Records:

==========

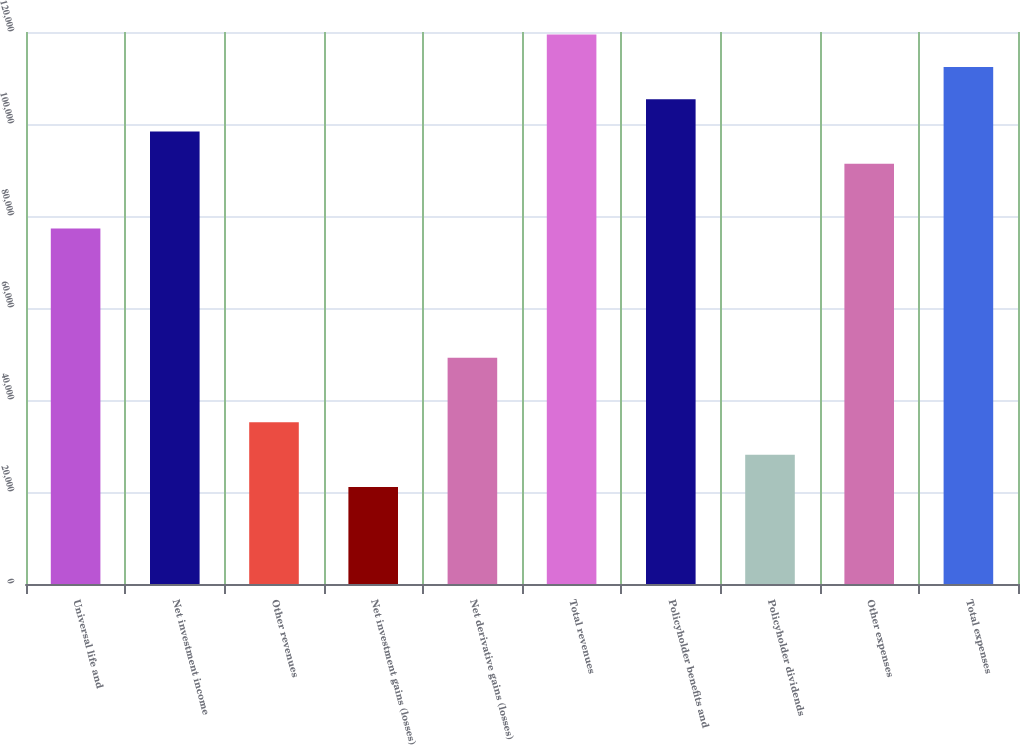Convert chart. <chart><loc_0><loc_0><loc_500><loc_500><bar_chart><fcel>Universal life and<fcel>Net investment income<fcel>Other revenues<fcel>Net investment gains (losses)<fcel>Net derivative gains (losses)<fcel>Total revenues<fcel>Policyholder benefits and<fcel>Policyholder dividends<fcel>Other expenses<fcel>Total expenses<nl><fcel>77287.2<fcel>98362.8<fcel>35136<fcel>21085.6<fcel>49186.4<fcel>119438<fcel>105388<fcel>28110.8<fcel>91337.6<fcel>112413<nl></chart> 
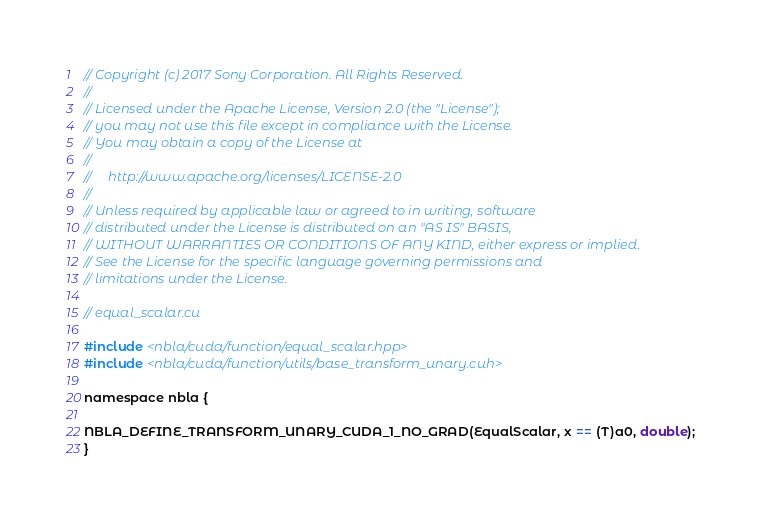Convert code to text. <code><loc_0><loc_0><loc_500><loc_500><_Cuda_>// Copyright (c) 2017 Sony Corporation. All Rights Reserved.
//
// Licensed under the Apache License, Version 2.0 (the "License");
// you may not use this file except in compliance with the License.
// You may obtain a copy of the License at
//
//     http://www.apache.org/licenses/LICENSE-2.0
//
// Unless required by applicable law or agreed to in writing, software
// distributed under the License is distributed on an "AS IS" BASIS,
// WITHOUT WARRANTIES OR CONDITIONS OF ANY KIND, either express or implied.
// See the License for the specific language governing permissions and
// limitations under the License.

// equal_scalar.cu

#include <nbla/cuda/function/equal_scalar.hpp>
#include <nbla/cuda/function/utils/base_transform_unary.cuh>

namespace nbla {

NBLA_DEFINE_TRANSFORM_UNARY_CUDA_1_NO_GRAD(EqualScalar, x == (T)a0, double);
}
</code> 
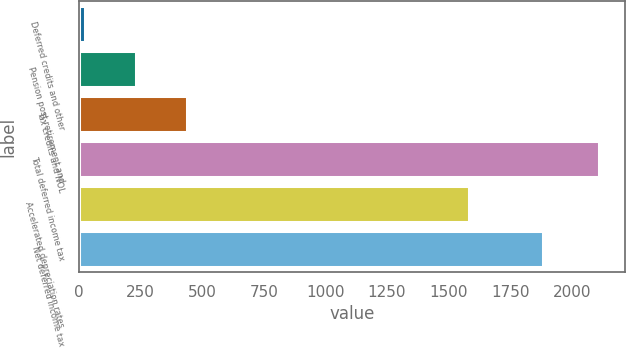Convert chart. <chart><loc_0><loc_0><loc_500><loc_500><bar_chart><fcel>Deferred credits and other<fcel>Pension post-retirement and<fcel>Tax credits and NOL<fcel>Total deferred income tax<fcel>Accelerated depreciation rates<fcel>Net deferred income tax<nl><fcel>23<fcel>231.7<fcel>440.4<fcel>2110<fcel>1583<fcel>1883<nl></chart>

==========

Problem statement: Please transcribe each entry exactly and exclude any image it contains.

Result below:
Convert chart. <chart><loc_0><loc_0><loc_500><loc_500><bar_chart><fcel>Universal life and<fcel>Net investment income<fcel>Other revenues<fcel>Net investment gains (losses)<fcel>Net derivative gains (losses)<fcel>Total revenues<fcel>Policyholder benefits and<fcel>Policyholder dividends<fcel>Other expenses<fcel>Total expenses<nl><fcel>77287.2<fcel>98362.8<fcel>35136<fcel>21085.6<fcel>49186.4<fcel>119438<fcel>105388<fcel>28110.8<fcel>91337.6<fcel>112413<nl></chart> 
Convert code to text. <code><loc_0><loc_0><loc_500><loc_500><_Cuda_>// Copyright (c) 2017 Sony Corporation. All Rights Reserved.
//
// Licensed under the Apache License, Version 2.0 (the "License");
// you may not use this file except in compliance with the License.
// You may obtain a copy of the License at
//
//     http://www.apache.org/licenses/LICENSE-2.0
//
// Unless required by applicable law or agreed to in writing, software
// distributed under the License is distributed on an "AS IS" BASIS,
// WITHOUT WARRANTIES OR CONDITIONS OF ANY KIND, either express or implied.
// See the License for the specific language governing permissions and
// limitations under the License.

// equal_scalar.cu

#include <nbla/cuda/function/equal_scalar.hpp>
#include <nbla/cuda/function/utils/base_transform_unary.cuh>

namespace nbla {

NBLA_DEFINE_TRANSFORM_UNARY_CUDA_1_NO_GRAD(EqualScalar, x == (T)a0, double);
}
</code> 
Convert chart. <chart><loc_0><loc_0><loc_500><loc_500><bar_chart><fcel>Deferred credits and other<fcel>Pension post-retirement and<fcel>Tax credits and NOL<fcel>Total deferred income tax<fcel>Accelerated depreciation rates<fcel>Net deferred income tax<nl><fcel>23<fcel>231.7<fcel>440.4<fcel>2110<fcel>1583<fcel>1883<nl></chart>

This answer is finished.